Caleb stopped a moment in the road and looked thoughtfully at Daniel. “Maybe you could be right, but that doesn’t feel right. We hadn’t decided to do it. We had discussed doing it if history was too distorted by the outcome of the battle without him. I don’t know, Danny.” He started walking again. “This shit’s just too complex and my brain’s not right after watching all those people get their heads cut off. I feel queasy and…after today I don’t know if I can do this time travel stuff. Maybe Dad was right to keep us out of it.”
“You’re kidding right?” Daniel jogged a few steps to catch up to Caleb. “You’re a homicide detective. I have not had a day in your company for the last year when the word ‘murder’ hasn’t come up.”
“I solve murders, Danny, or try to. I don’t watch them committed. Were you watching any of what went down on the battlefield?”
“It was pretty chaotic. I closed my eyes a lot.”
“You know what little brother,” Caleb growled, turning on Danny with a suddenness that stopped the younger Keller in his tracks, “there are days that I really don’t like you, as a person. Forty-eight men died horribly at the hands of their once-sworn brothers and you’re being glib. Life matters, Danny. The force that animates us and the choices we make, both of those things matter. It’s not something to be studied remotely, it should be respected.”
“You don’t like me? Caleb, I can’t remember the last time I thought of you as someone I’d like to hang with. And while you’re up on that high horse, cast back to last night and this morning when I made a similar argument against recording these events for the historian who hired us.

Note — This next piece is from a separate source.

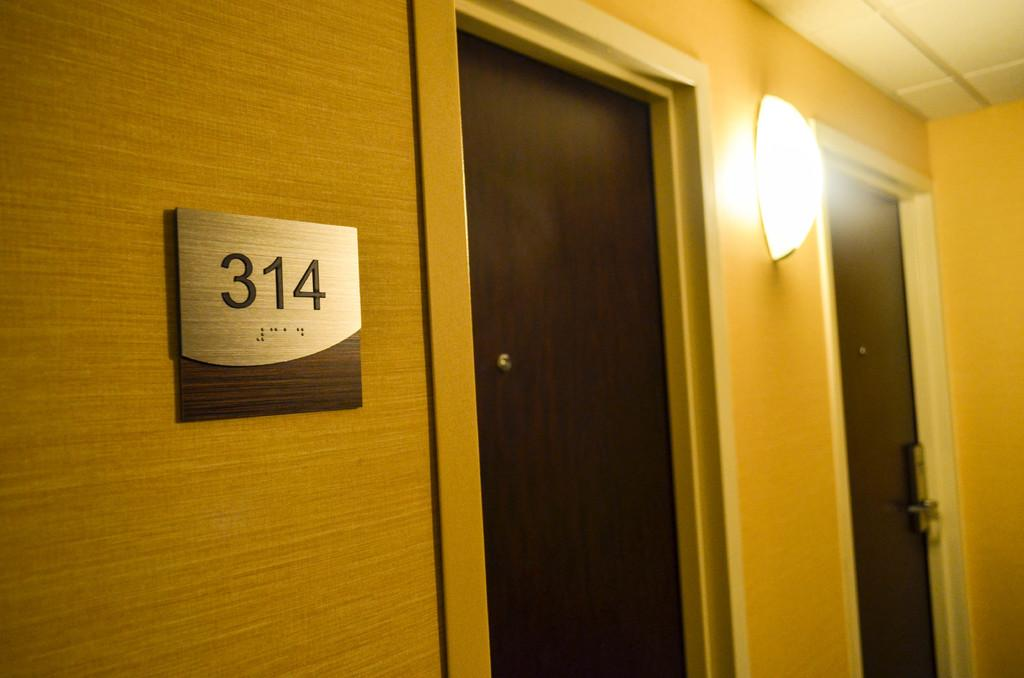What can be seen on the left side of the image? There is a number board and a light attached to the wall on the left side of the image. How many doors are visible in the image? There are two doors in the image. What is located on the right side of the image? There is a roof and a wall on the right side of the image. How many babies are attempting to climb the wall in the image? There are no babies present in the image, and therefore no such activity can be observed. What angle is the roof at in the image? The angle of the roof cannot be determined from the image, as it is not depicted in a way that allows for the measurement of angles. 
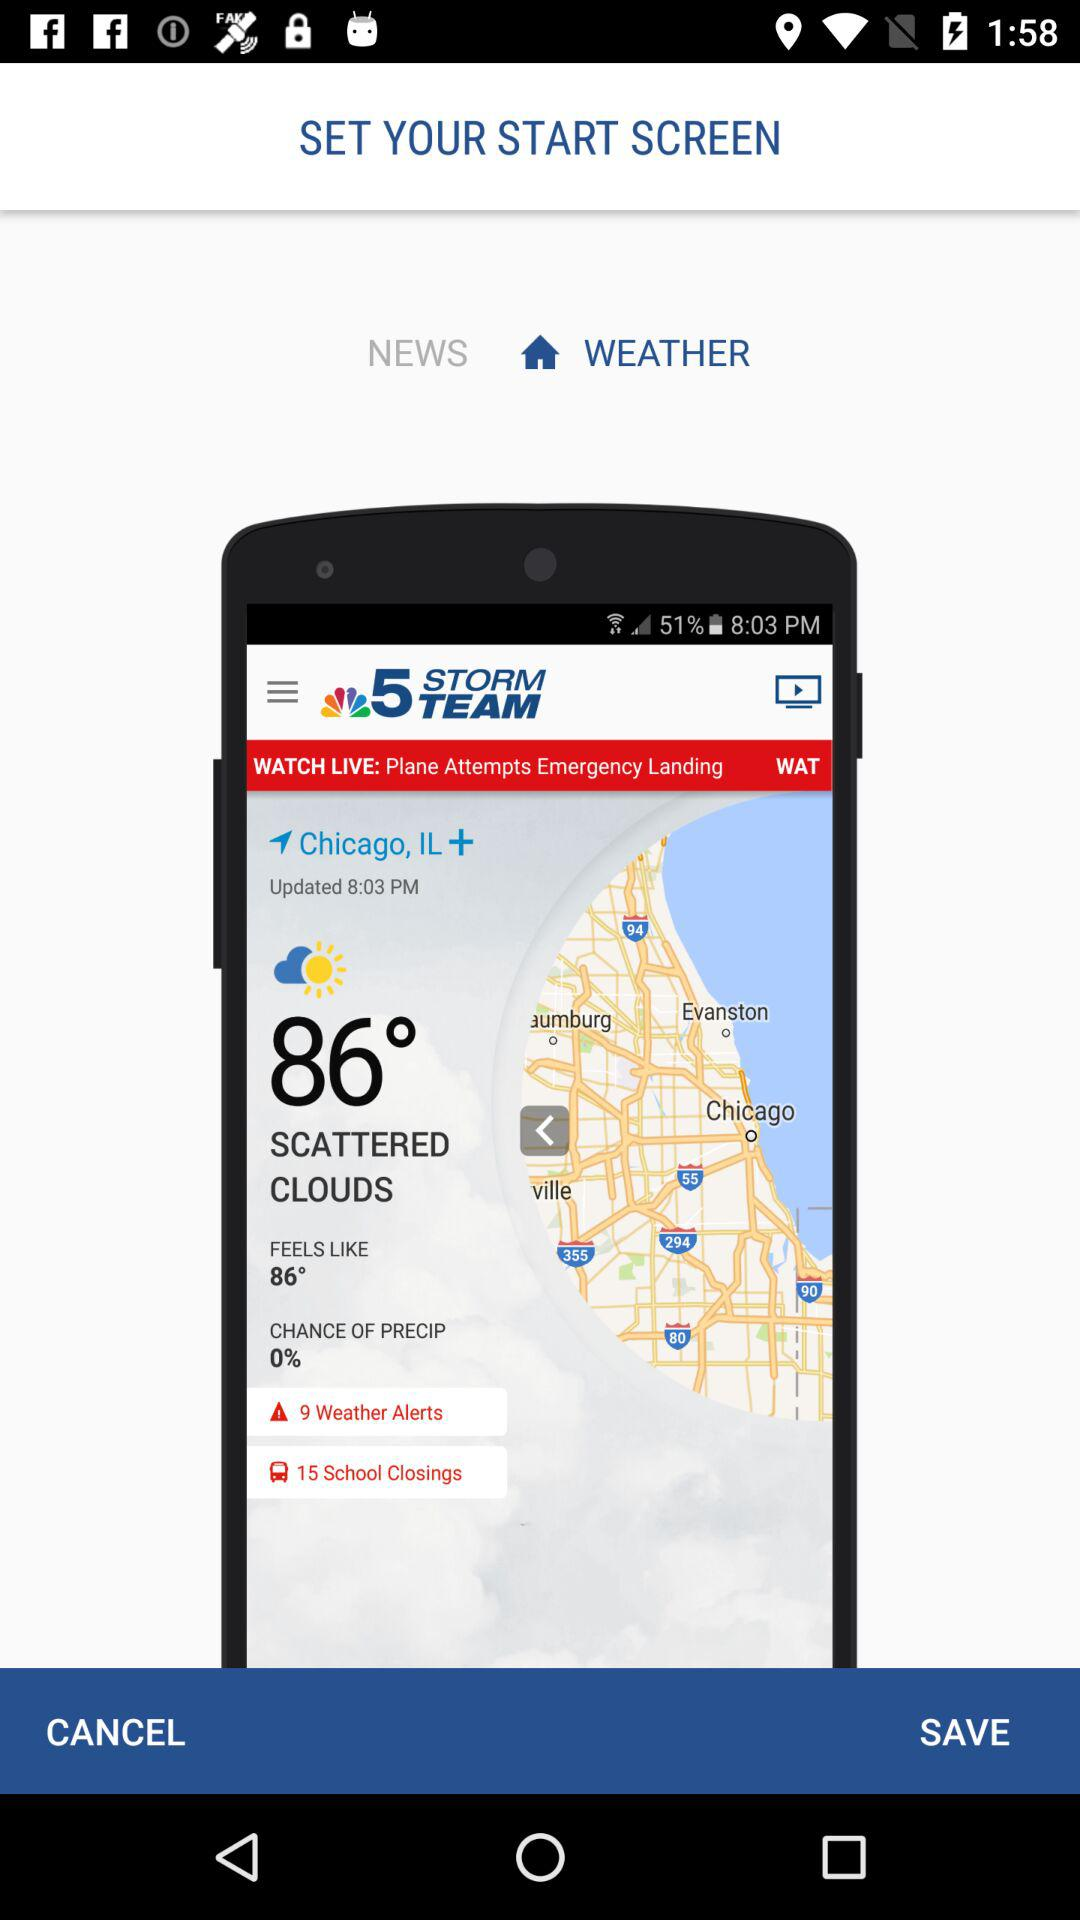What is the updated time? The updated time is 8:03 p.m.

I told you it wasn’t something to be ogled at and rewound for parsing, but all you wanted was the fat paycheck they had promised so we could put off doing any work for Jean-Paul.”
“Shut up!” Caleb said abruptly.
“What the f –?” Daniel started to say but Caleb roughly covered his mouth and struck a listening pose.
There was a sound coming from their left where the trees became more dense. Silently they brothers stalked the sound. A familiar cart had been forced back into the woods with such power a tree was leaning precariously and one whole plank had been sheared from the vehicle. A few minutes of careful walking took them to a pair of horses, still yoked, nibbling at some autumn berries.
Daniel opened his mouth to wonder aloud at the presence of the cart and horses, but Caleb held up a hand to stop him. There was still that other sound, out passed the horses. As they trudged along in silence, Daniel felt a thrum from the key fob that controlled the camouflage on the time machine. They were almost to the place where it was parked. Daniel felt his stomach drop as it occurred to him the sound and the proximity of their ride might be related.
Less than twenty feet from the boulder the brothers recognized as the time machine, they found Henry the Smith gagged and bound to a tree. The man was crying but did not seem injured. It took Daniel a second to realize that there was a piece of duct tape over Henry’s mouth.
He inhaled sharply and looked at Caleb. “Could we have done this?”
Caleb helped the man to his feet. Henry seemed grateful not angry, which relieved Daniel for the moment that they had not tied him up. Then, after a long confusing conversation, the brothers came to understand that the horses ran the cart into the trees and then broke the pin in their fever to escape. A strange and terrible noise and light had spooked them. Henry had been thrown from the cart when it stuck in the trees. He didn’t know anything after that until the moment he woke up tied to the tree, far from his cart.
The brothers spent two hours helping him get back on the road, noting that this time he headed toward Perth and not Crieff. Then they slogged, exhausted back to their time travel boulder to head home.
When Daniel clicked the button to turn off the camouflage, a strange grey square remained. Leaning in to the square the Keller brothers recognized it as duct tape, with the a note scribbled on it in an unfamiliar hand.